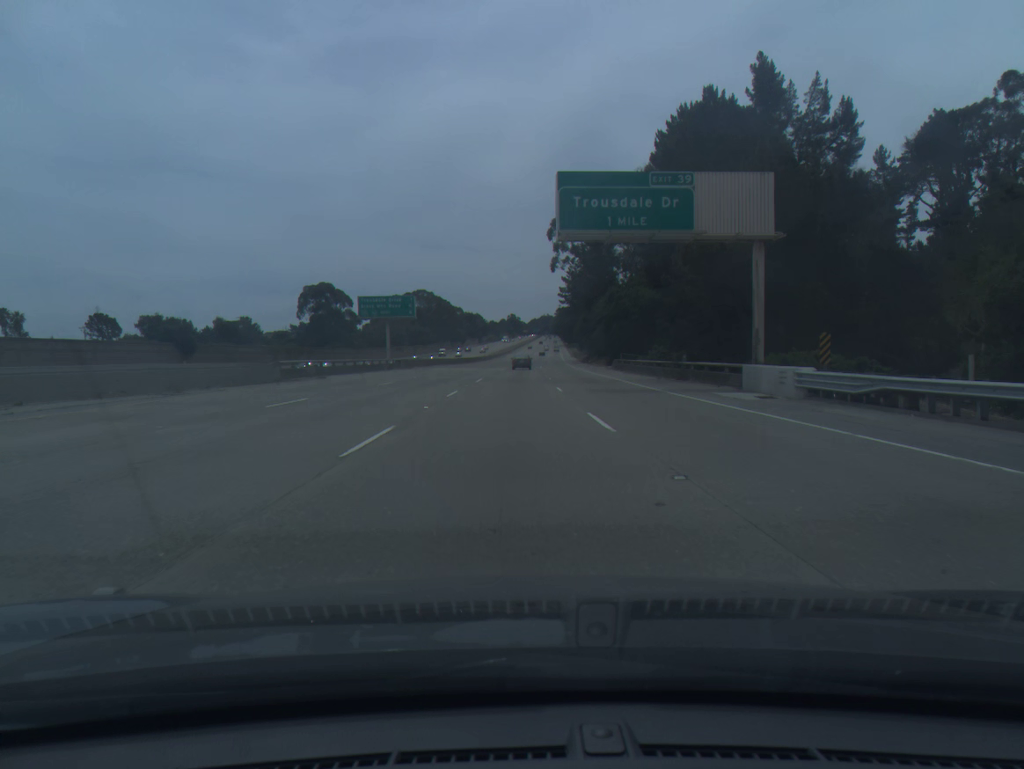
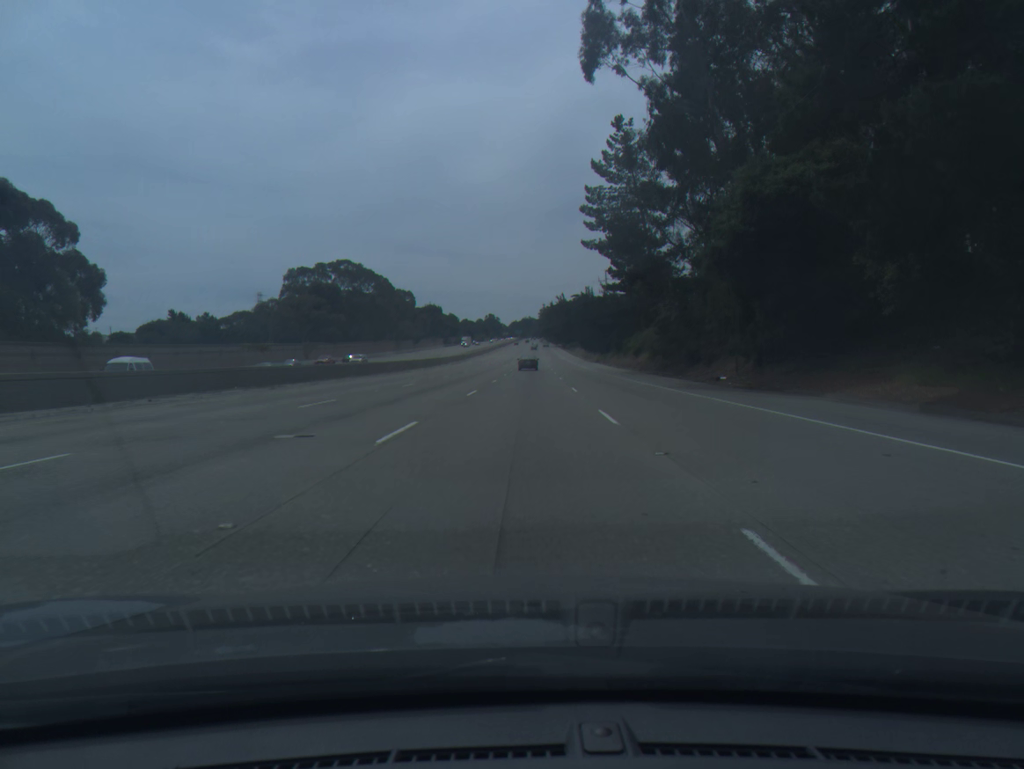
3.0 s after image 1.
(+1.5, +100.4) m; +1°
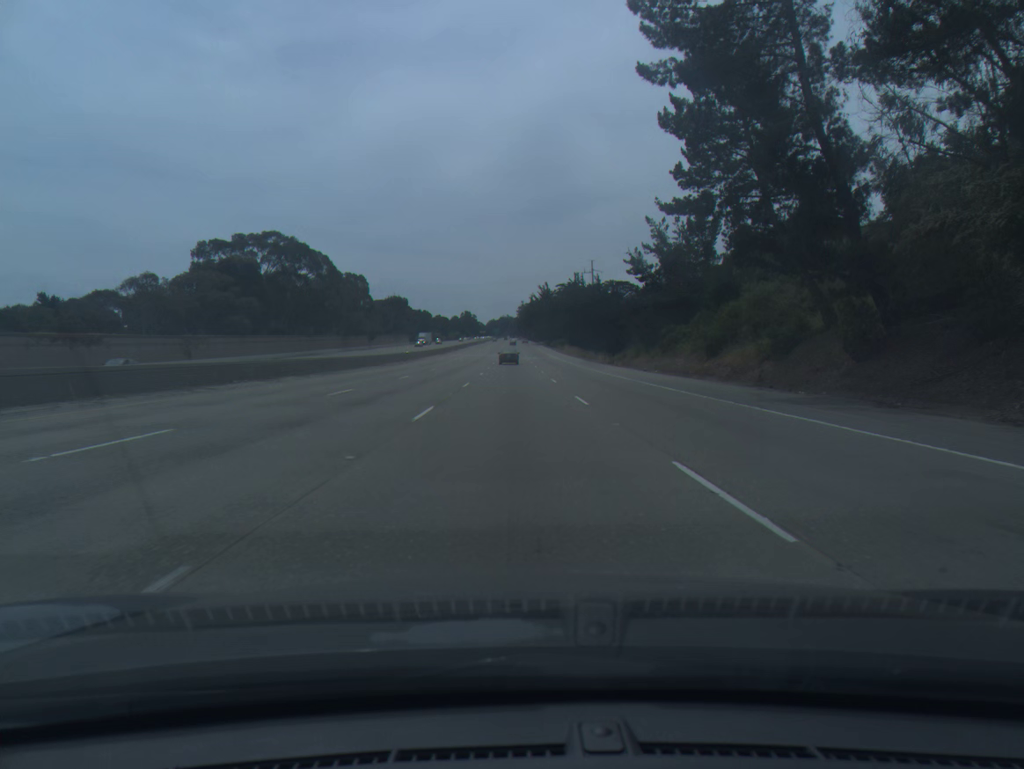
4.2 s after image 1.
(+0.5, +40.0) m; +2°
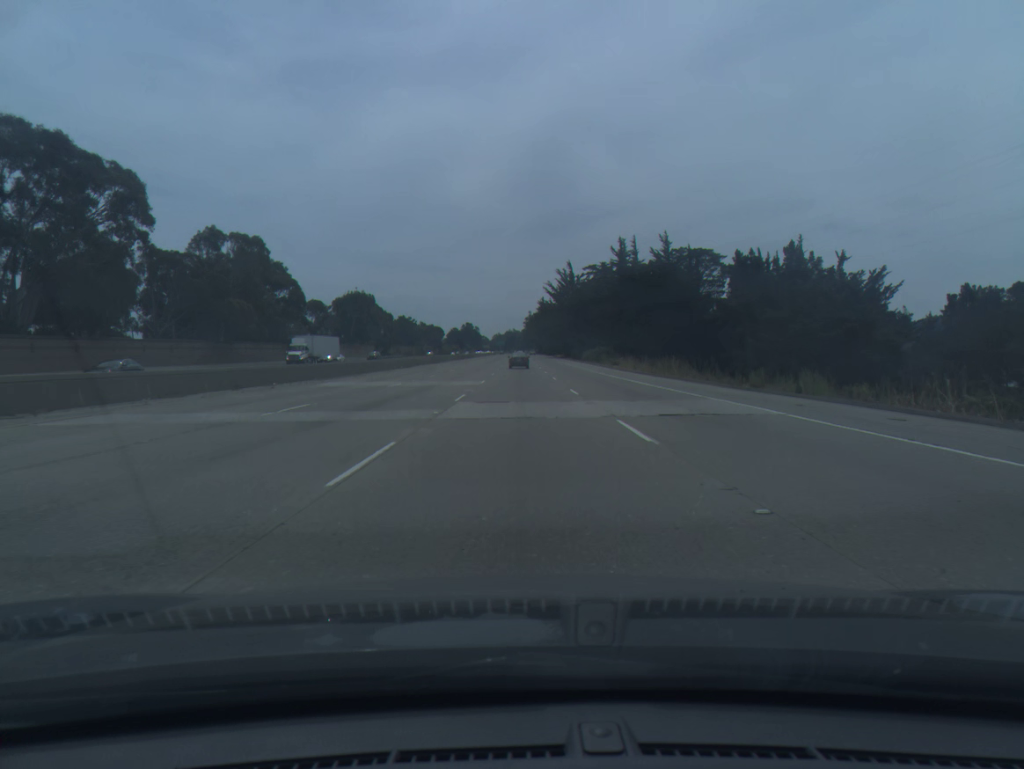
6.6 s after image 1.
(-0.5, +79.9) m; 0°
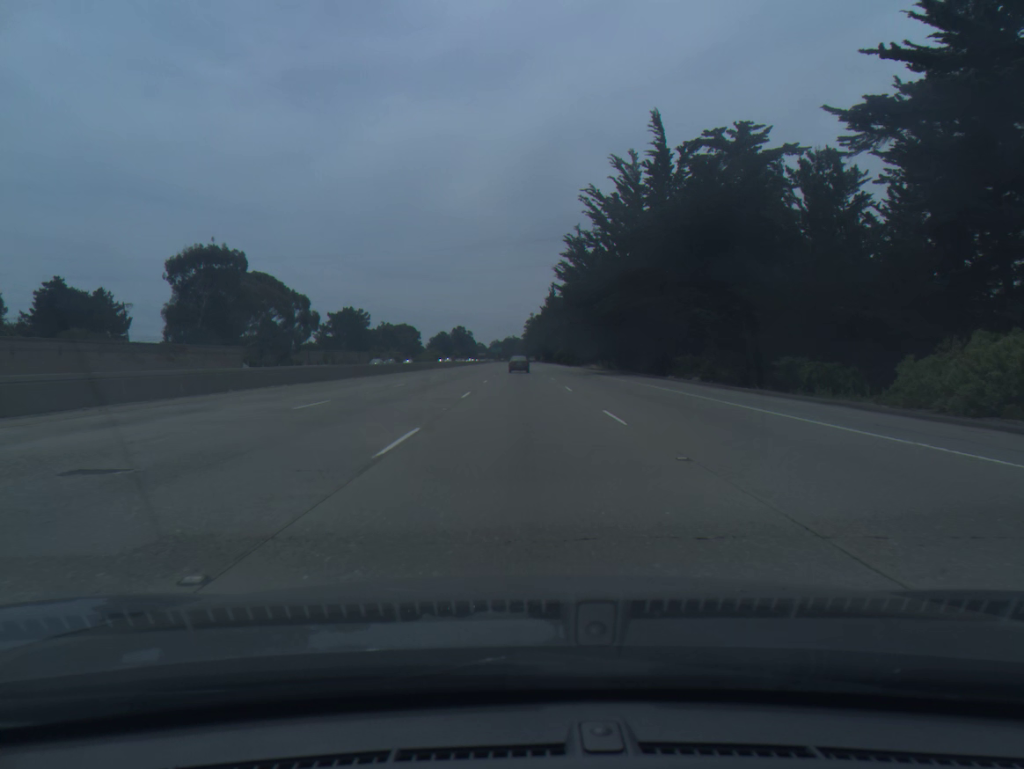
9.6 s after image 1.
(0.0, +100.0) m; 0°
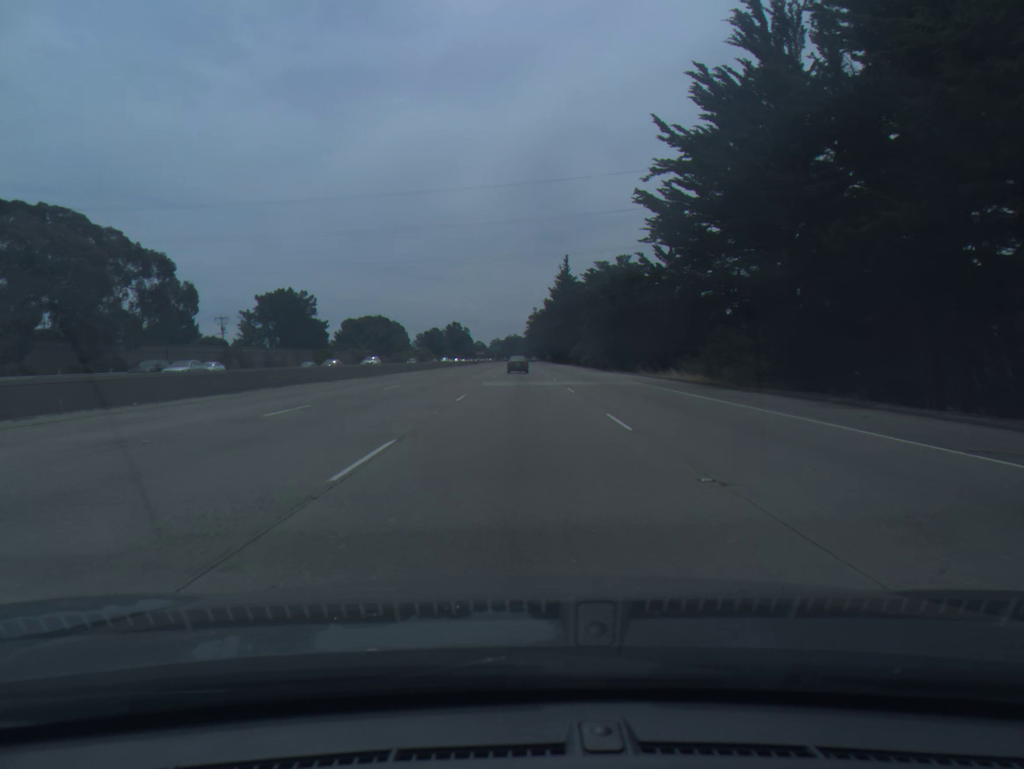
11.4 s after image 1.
(+0.2, +60.1) m; 0°
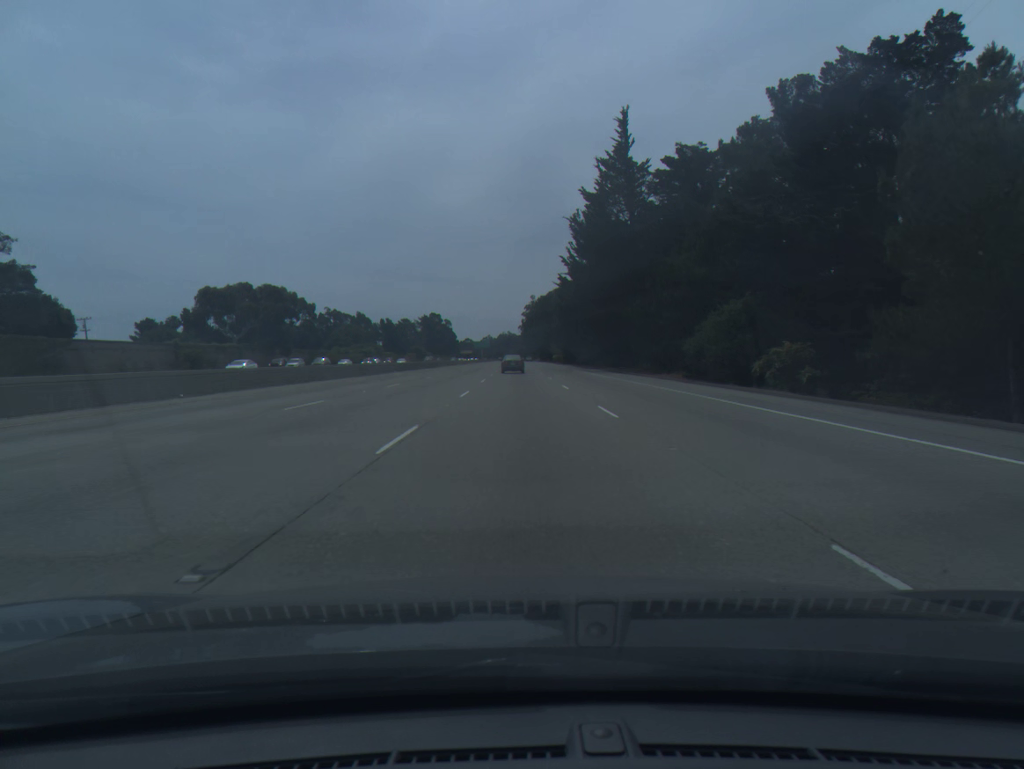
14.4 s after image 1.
(+0.2, +100.1) m; 0°

■ **HOW TO COMPLETE THIS TASK**: Word for word, print out all of the records above; pass over the pictures.

■ **TASK RESULT**:
3.0 s after image 1.
(+1.5, +100.4) m; +1°
4.2 s after image 1.
(+0.5, +40.0) m; +2°
6.6 s after image 1.
(-0.5, +79.9) m; 0°
9.6 s after image 1.
(0.0, +100.0) m; 0°
11.4 s after image 1.
(+0.2, +60.1) m; 0°
14.4 s after image 1.
(+0.2, +100.1) m; 0°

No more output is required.